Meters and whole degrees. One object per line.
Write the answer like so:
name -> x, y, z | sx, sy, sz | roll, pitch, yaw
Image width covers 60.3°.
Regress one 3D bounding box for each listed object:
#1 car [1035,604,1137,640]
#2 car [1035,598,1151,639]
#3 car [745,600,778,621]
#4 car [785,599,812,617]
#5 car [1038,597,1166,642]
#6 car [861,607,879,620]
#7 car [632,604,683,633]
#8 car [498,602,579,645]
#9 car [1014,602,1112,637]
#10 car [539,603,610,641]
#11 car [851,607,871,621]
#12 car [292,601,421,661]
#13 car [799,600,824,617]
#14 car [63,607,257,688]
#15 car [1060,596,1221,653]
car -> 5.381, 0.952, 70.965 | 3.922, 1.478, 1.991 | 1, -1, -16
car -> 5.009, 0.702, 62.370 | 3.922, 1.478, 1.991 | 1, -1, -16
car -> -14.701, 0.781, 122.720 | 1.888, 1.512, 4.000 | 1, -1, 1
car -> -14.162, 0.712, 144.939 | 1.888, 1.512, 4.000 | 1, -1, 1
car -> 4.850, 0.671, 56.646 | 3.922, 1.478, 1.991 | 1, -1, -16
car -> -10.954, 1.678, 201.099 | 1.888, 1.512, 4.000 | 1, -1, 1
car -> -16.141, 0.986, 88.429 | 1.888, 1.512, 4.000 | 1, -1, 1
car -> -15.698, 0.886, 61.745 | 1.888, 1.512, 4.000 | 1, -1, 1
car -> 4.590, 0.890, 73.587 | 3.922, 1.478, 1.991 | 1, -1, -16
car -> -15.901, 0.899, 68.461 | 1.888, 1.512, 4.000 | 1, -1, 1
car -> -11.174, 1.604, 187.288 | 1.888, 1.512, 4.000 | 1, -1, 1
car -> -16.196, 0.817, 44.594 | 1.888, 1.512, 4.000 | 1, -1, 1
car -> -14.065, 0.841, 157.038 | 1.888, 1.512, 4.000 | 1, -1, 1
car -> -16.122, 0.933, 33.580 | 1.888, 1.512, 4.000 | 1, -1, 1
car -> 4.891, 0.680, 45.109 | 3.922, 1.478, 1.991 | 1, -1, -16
==
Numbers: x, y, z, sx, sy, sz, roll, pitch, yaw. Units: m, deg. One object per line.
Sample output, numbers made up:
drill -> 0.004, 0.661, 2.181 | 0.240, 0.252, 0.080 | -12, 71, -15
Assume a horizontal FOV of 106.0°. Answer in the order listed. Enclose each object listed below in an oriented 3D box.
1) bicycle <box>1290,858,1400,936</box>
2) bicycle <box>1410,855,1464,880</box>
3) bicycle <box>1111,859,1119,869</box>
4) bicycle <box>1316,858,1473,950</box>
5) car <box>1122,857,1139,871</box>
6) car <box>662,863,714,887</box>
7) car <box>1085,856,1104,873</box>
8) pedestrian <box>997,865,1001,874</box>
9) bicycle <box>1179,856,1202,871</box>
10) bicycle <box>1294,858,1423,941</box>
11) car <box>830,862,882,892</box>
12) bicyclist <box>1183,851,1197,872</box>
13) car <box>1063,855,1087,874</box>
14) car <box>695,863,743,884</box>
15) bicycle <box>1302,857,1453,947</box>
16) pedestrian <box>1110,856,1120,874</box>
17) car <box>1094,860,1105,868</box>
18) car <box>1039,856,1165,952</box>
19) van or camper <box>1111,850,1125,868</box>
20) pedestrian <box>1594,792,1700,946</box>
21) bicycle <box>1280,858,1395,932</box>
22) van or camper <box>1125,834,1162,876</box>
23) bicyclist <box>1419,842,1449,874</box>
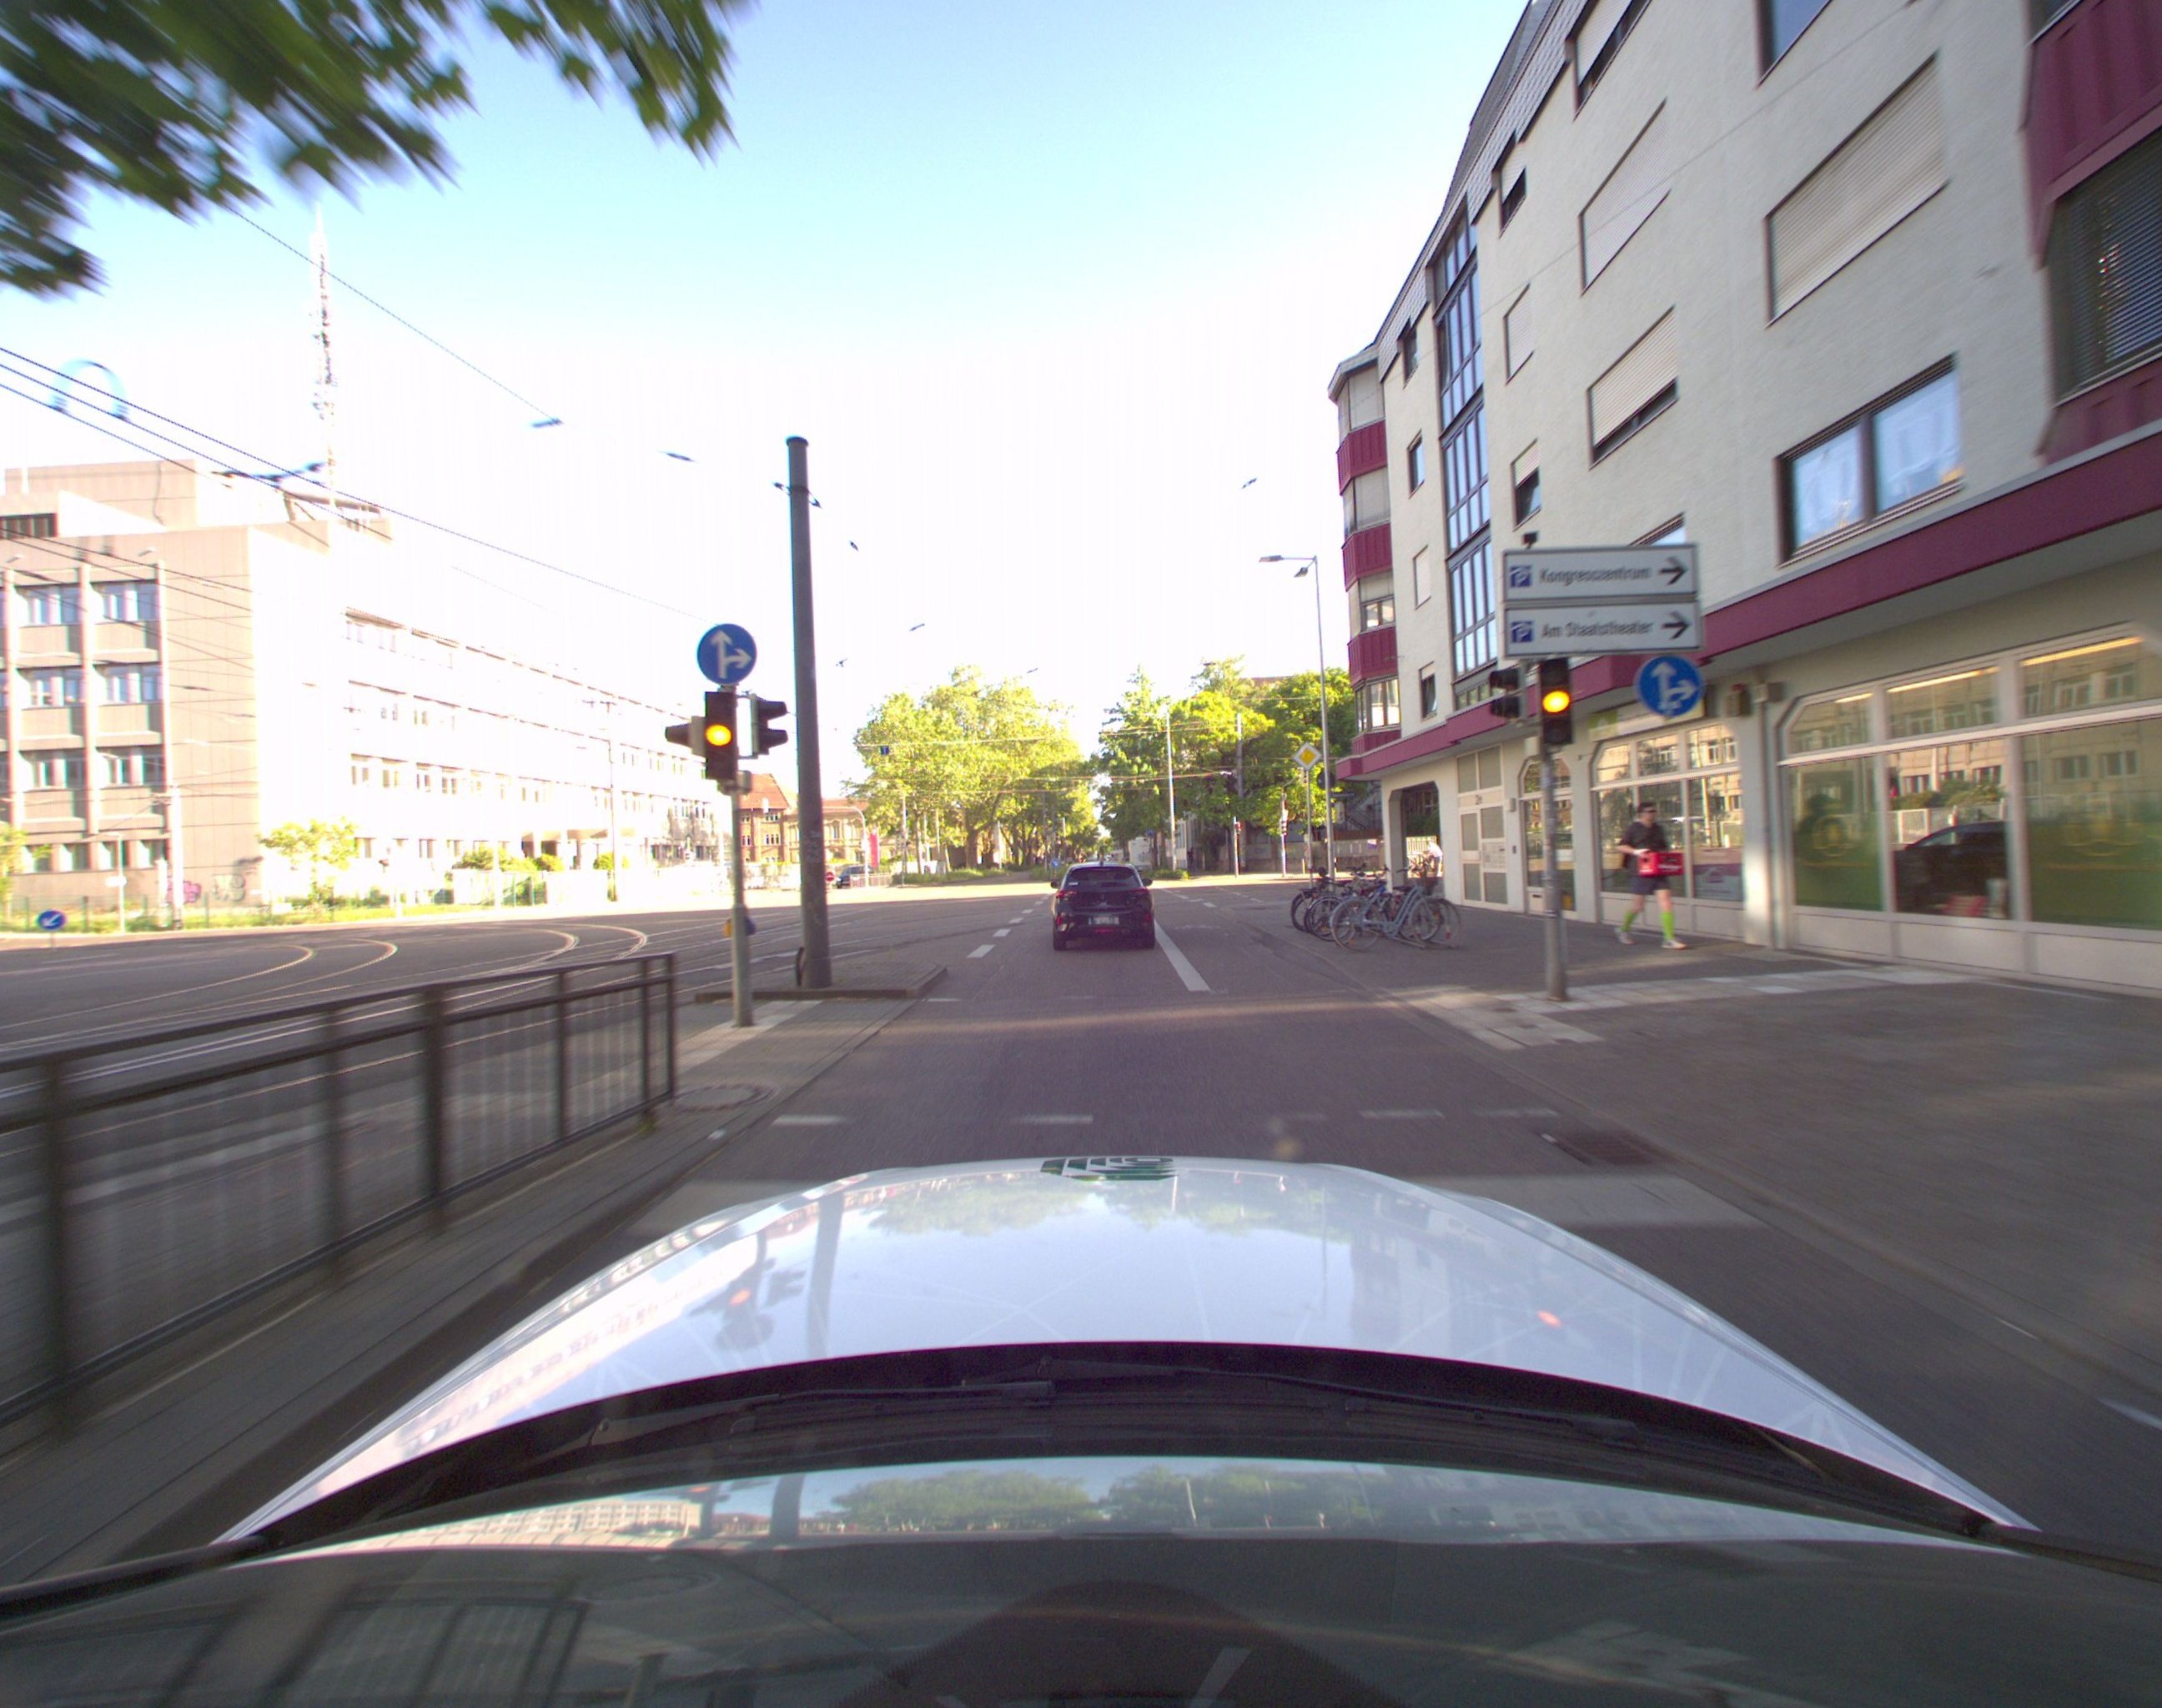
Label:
==
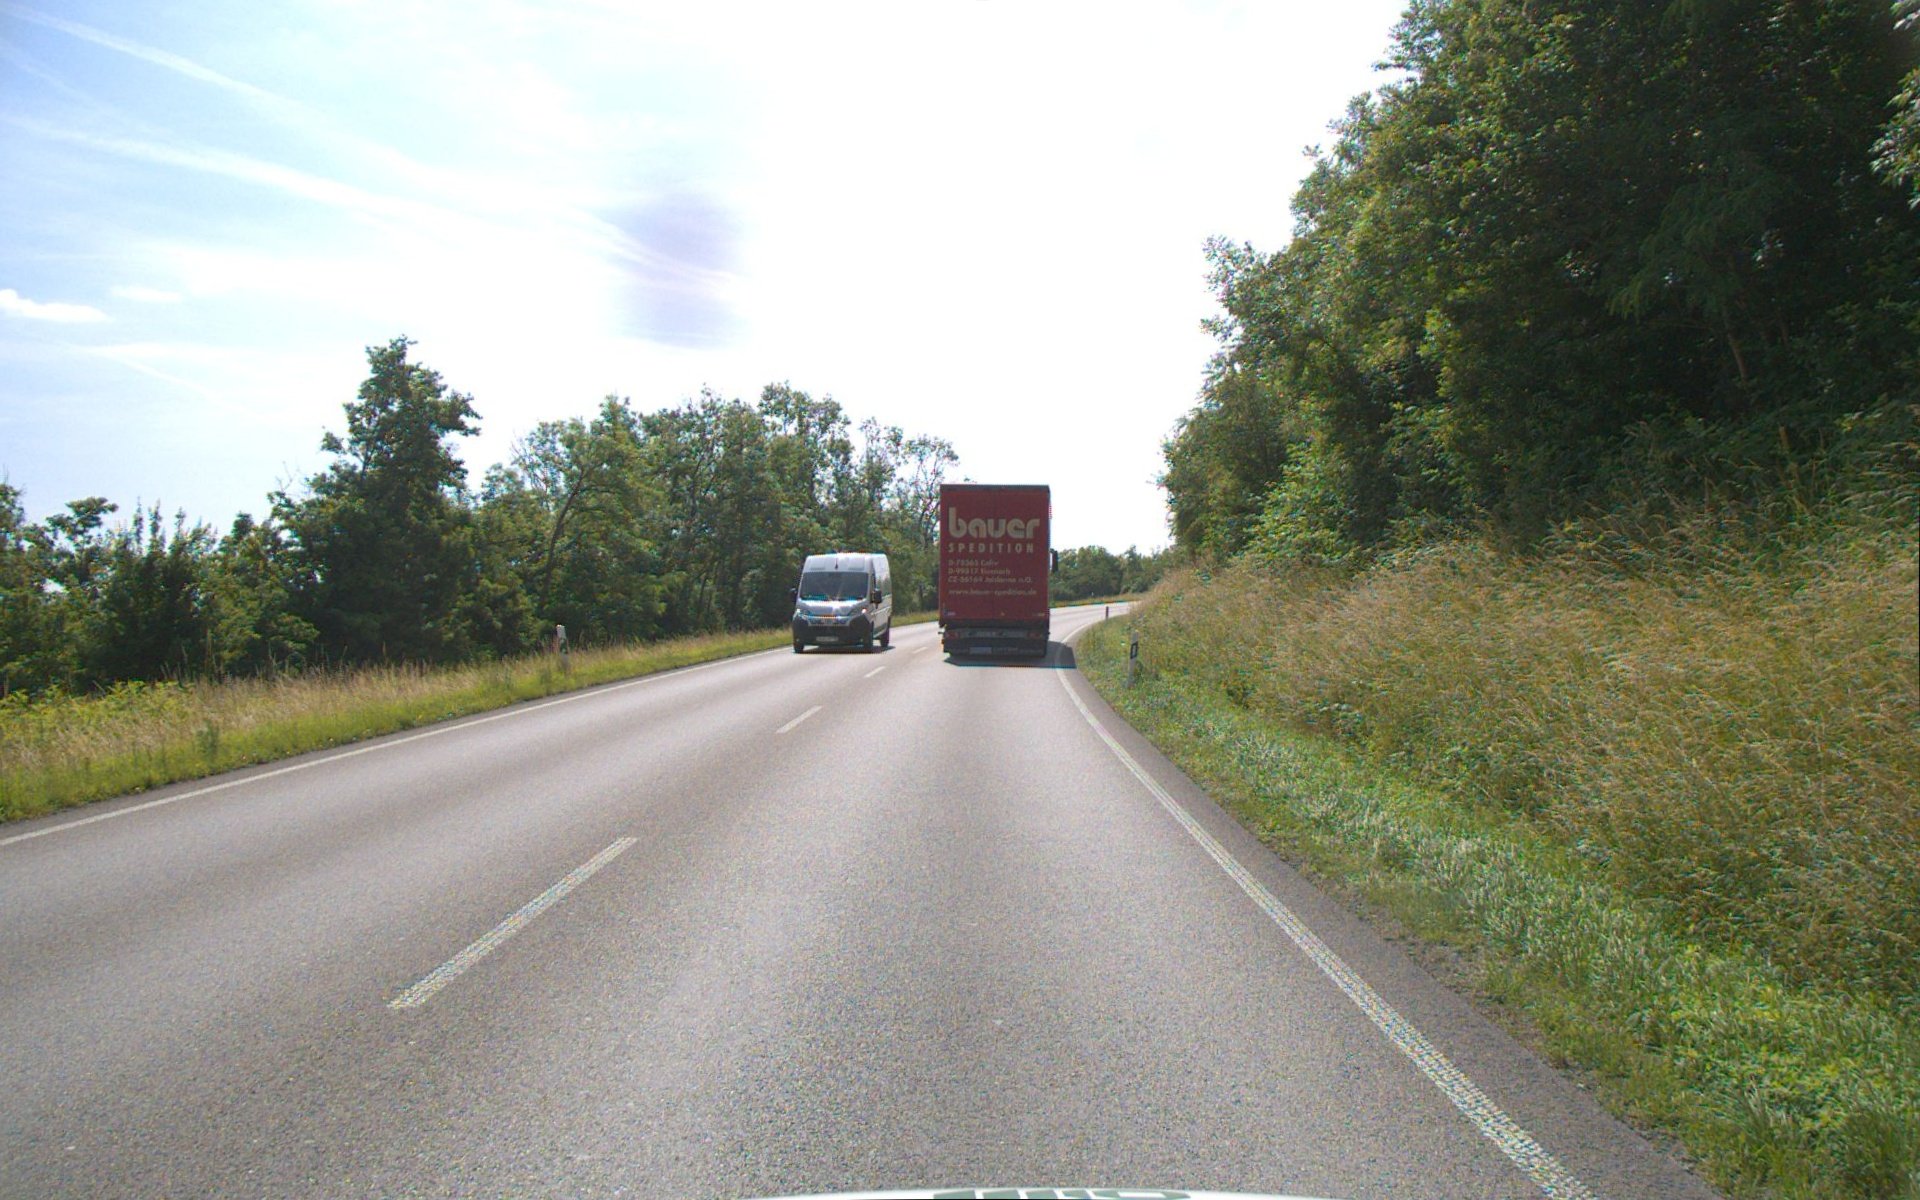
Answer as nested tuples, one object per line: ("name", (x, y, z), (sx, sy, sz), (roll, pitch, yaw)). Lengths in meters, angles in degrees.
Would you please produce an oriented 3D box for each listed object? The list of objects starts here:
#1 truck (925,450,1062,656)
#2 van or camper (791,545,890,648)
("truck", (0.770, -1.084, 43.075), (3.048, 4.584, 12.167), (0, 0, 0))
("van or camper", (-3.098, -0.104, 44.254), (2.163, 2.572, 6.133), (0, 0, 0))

• How to complete this task: Starting at the line that has "#9 car [1014,602,1112,637]" and ending at the line that has "#14 car [63,607,257,688]", please write out the lines above exactly, leaving out all others.

• Task response:
#9 car [1014,602,1112,637]
#10 car [539,603,610,641]
#11 car [851,607,871,621]
#12 car [292,601,421,661]
#13 car [799,600,824,617]
#14 car [63,607,257,688]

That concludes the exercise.